People have given some really solid advice here, and I don't think you need another person to echo the other posters' recommendations to cut the dairy, nuts, wine, etc. The only thing I would add is that you could try upping your protein. You're sedentary, so it may not be "necessary" per se, but Robb Wolf recommends to a lot of folks taking in right around 1g/lb body weight (not just lean body mass). We all have different protein needs and some are fine with the low-end of Mark's recommendation of .7g/lb of lean body mass, but some do require more for satiety.
I agree with the others and you can up the carbs a little, and just eat more vegetables, period. Also, thank your lucky freaking stars that you can maintain 135lbs on 2400+ calories a day.

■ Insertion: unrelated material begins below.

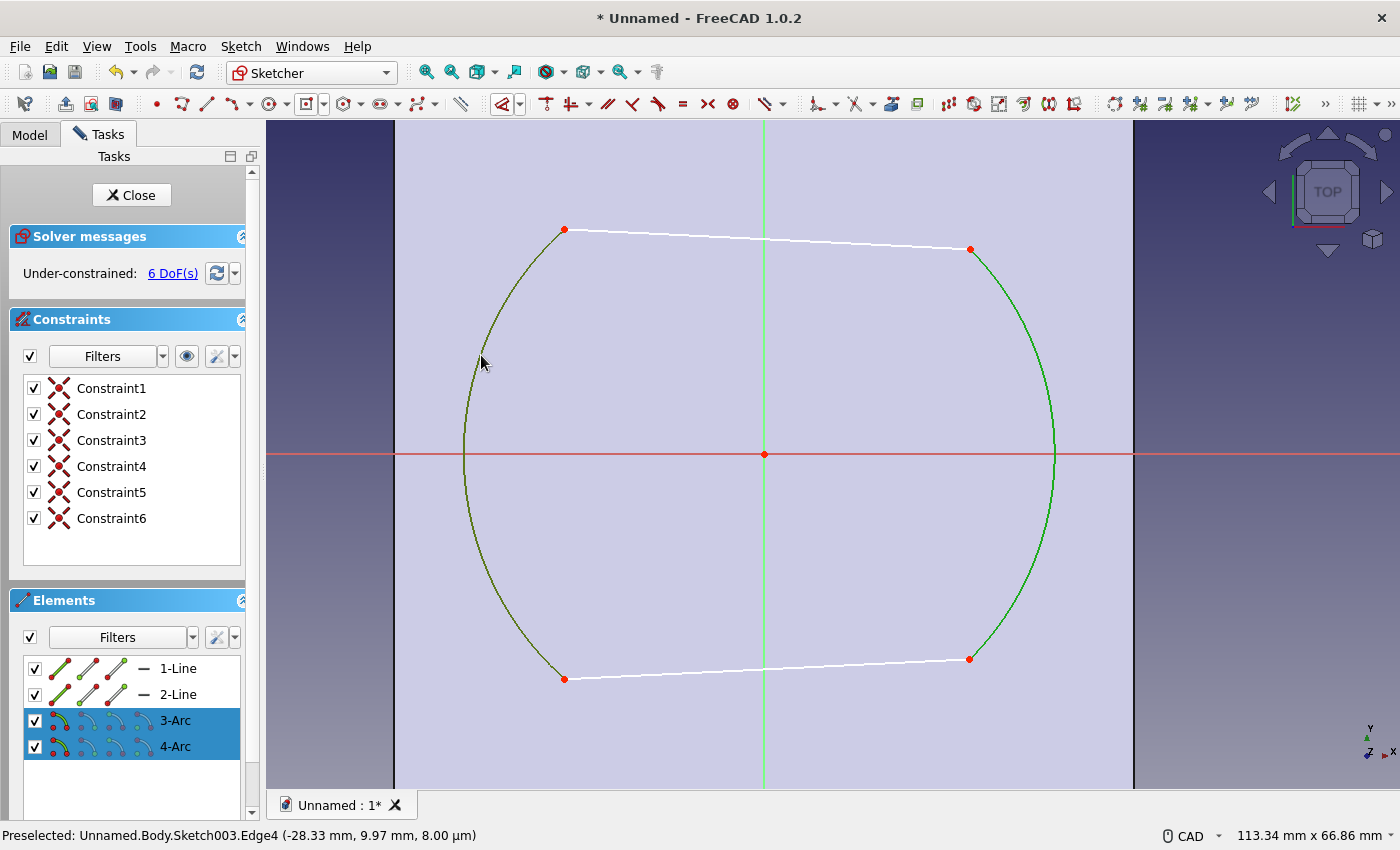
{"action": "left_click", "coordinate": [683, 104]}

That is... ridiculous. And really lucky for you.
Now, I would say that your calories aren't being used very wisely and it isn't surprising that you're still hungry. I too can demolish close to 1lb of meat in a sitting, so that's all good. But if you want to eat 12oz of meat, sausage isn't a good idea if you're trying to lose weight, nor is 7 pieces of bacon in a day, nor is half a cup of heavy cream. I would tell you to cut the bacon, sausage, and heavy cream consumption in half and add more protein just for satiety's sake.
If you're new to PB, that much fat intake is great for you to jump in, get started, and switch your metabolism, or to maintain weight. It is not conducive to losing weight. Bump up your vegetable and protein intake (or don't, Saiorse always gives wonderful advice. I'm just going with what Robb Wolf has said for those looking to lose weight) and cut down the fat. 40-50% of daily calories is more than enough. If you're calorie-restricted and therefore burning body fat, your body is getting a high-fat meal ALL THE TIME. When you're happy with your weight, feel free to kick the fat back up again, since then you would be wanting to burn the fat in your stomach and not on your ____(insert body part here).
Live Clean, Love Hard. Or vice versa.
Female! Height: 5'10.5" HW: 161 SW: 135 CW: 124 GW: Whatever number my body wants to be when I'm eating and moving well - trying to get that muscle mass up.